Although cryptocurrencies got a reputation of highly volatile unregulated assets, it might be possible that governments will start regulating them in the future. If so, people who bought Bitcoins at $20K would still have to find an exchange service to cash out their money.

The problem is that none of the existing exchanges are decentralized enough to handle hundreds or thousands of transactions per second (theoretically, up to 7 transactions per second are possible on the Bitcoin blockchain). This issue is especially pressing for people who need to move large amounts of money across borders. Right now, it takes about 3 days to transfer $10K with Western Union or MoneyGram. If they used cryptocurrency instead, it would take roughly 10 minutes.

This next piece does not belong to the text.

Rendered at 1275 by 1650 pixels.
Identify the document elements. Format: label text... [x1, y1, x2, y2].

In the future, blockchain has the potential to become a foundation of a new decentralized global financial system that could potentially turn our world into a truly borderless place.

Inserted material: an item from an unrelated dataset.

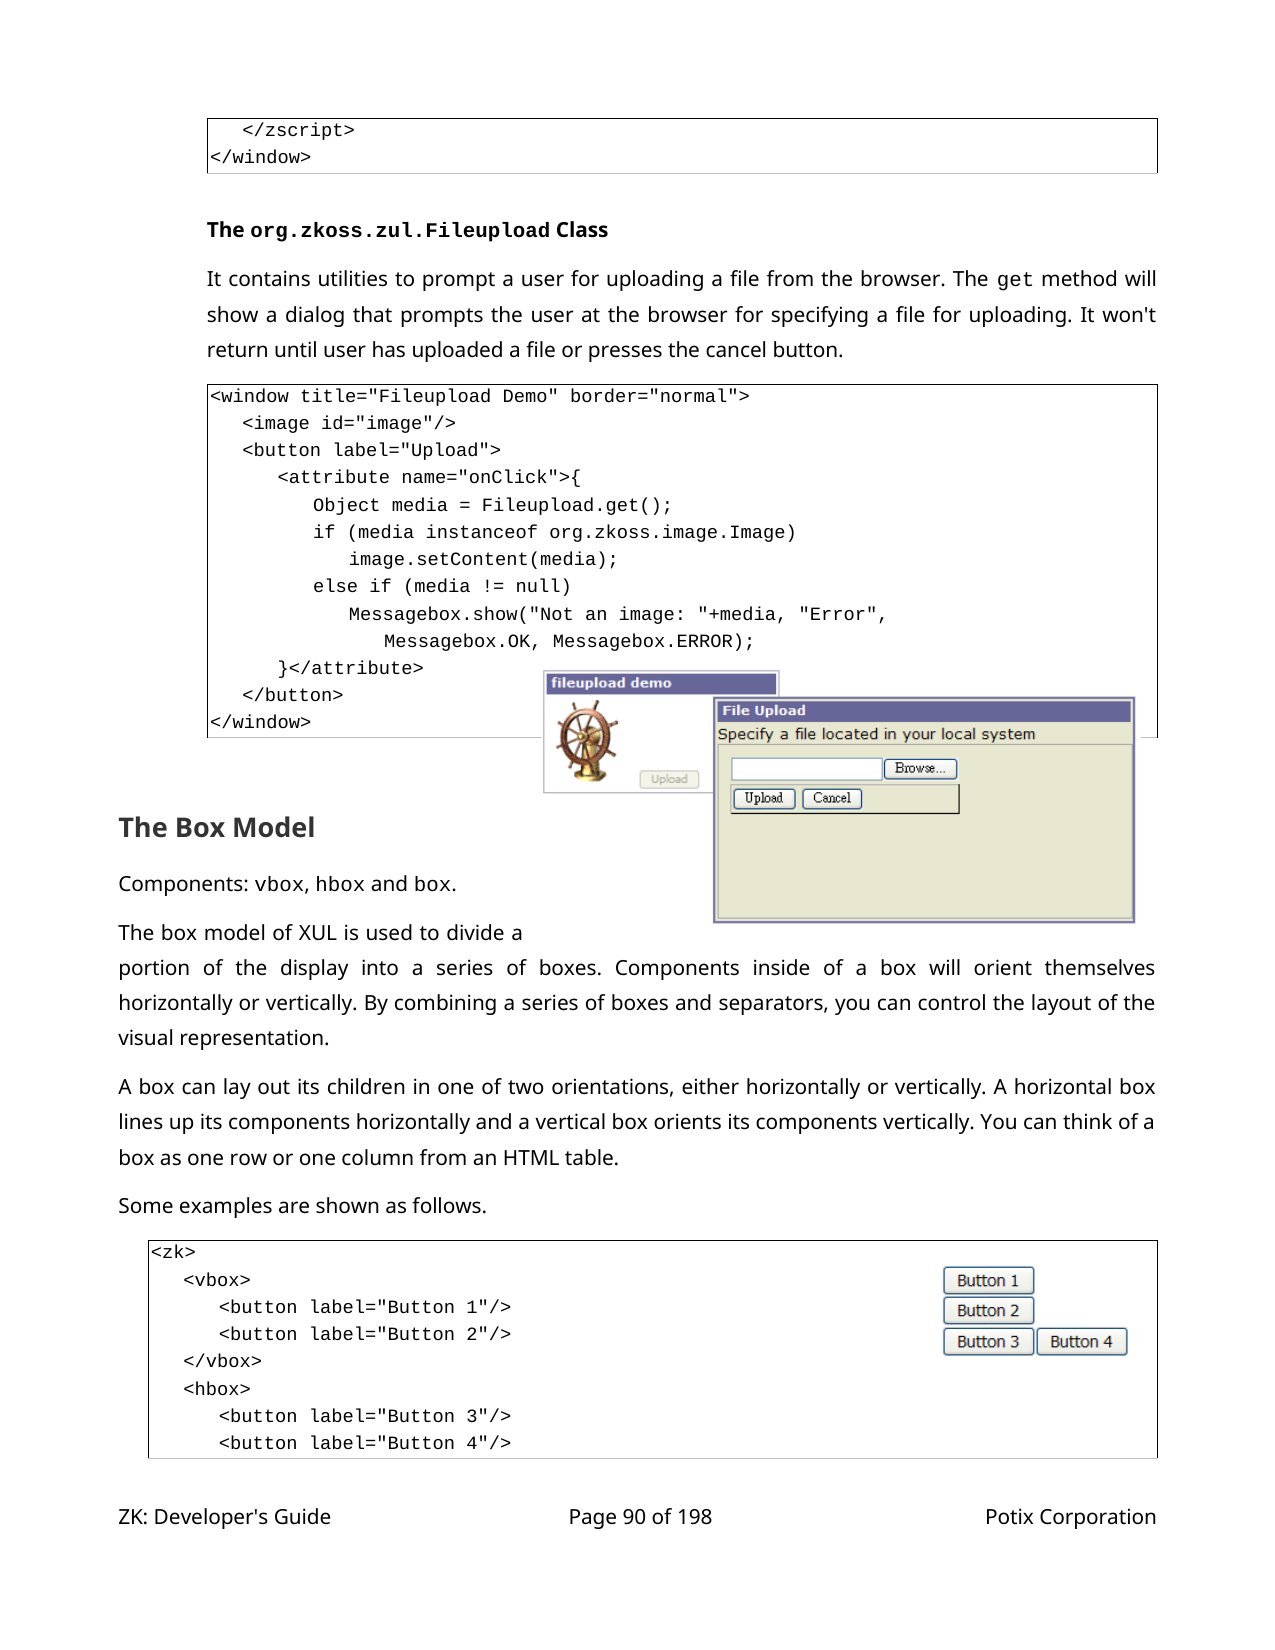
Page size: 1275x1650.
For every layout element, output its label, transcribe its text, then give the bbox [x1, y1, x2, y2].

Blockchain in the coming days

Up until now, blockchain has been mostly associated with cryptocurrencies and ICOs. However, the technology is still in its infancy – it’s only starting to be used for real-world applications. 

Although this could potentially lead to another “blockchain bubble,” a more sustainable approach would focus on developing a new decentralized economy that will utilize existing blockchain platforms. This approach will allow companies to first learn about blockchain technology and recognize its potential, without risking their budgets on unproven projects.

Another factor that could prevent blockchain from reaching mass adoption would be the inability of developers to solve performance issues – lately, there has been a lot of negative press around scalability problems on existing blockchains (such as Ethereum network overload).

However, these problems are not insurmountable – the most talented developers in the world are already working on this issue. For example, IOTA is developing Tangle (a ‘blockless’ protocol that could potentially solve all of the existing blockchain performance issues), and VeChain is building a ‘permission’ blockchain with high performance. 

Of course, mass adoption of blockchain technology will depend on many factors – one thing is certain though – sooner or later it will happen.                 

The Peace Innovation Foundation aims to use blockchain technology to monitor the spending of public funds in Liberia. The problem is that none of the existing exchanges are decentralized enough to handle hundreds or thousands of transactions per second. This issue is especially pressing for people who need to move large amounts of money across borders. Right now, it takes about 3 days to transfer $10K with Western Union or MoneyGram. If they used cryptocurrency instead, it would take roughly 10 minutes.                  

What can we expect in the future?

So far, blockchain has proven to be something more than just a fad. Although it’s still in its infancy and we can’t even imagine all possible use-cases, there are already many possible uses for blockchain. The most exciting part is that we only scratched the surface of what blockchain can do, and it might become a new foundation of our society in the future.

For example, Walmart recently filed a patent to build an efficient delivery system that would be able to track all shipments and automatically release payments as soon as customers take products off the delivery truck.

Blockchain would help to cut costs by removing the need for third-party entities, which currently act as guarantors of payment for Walmart’s suppliers.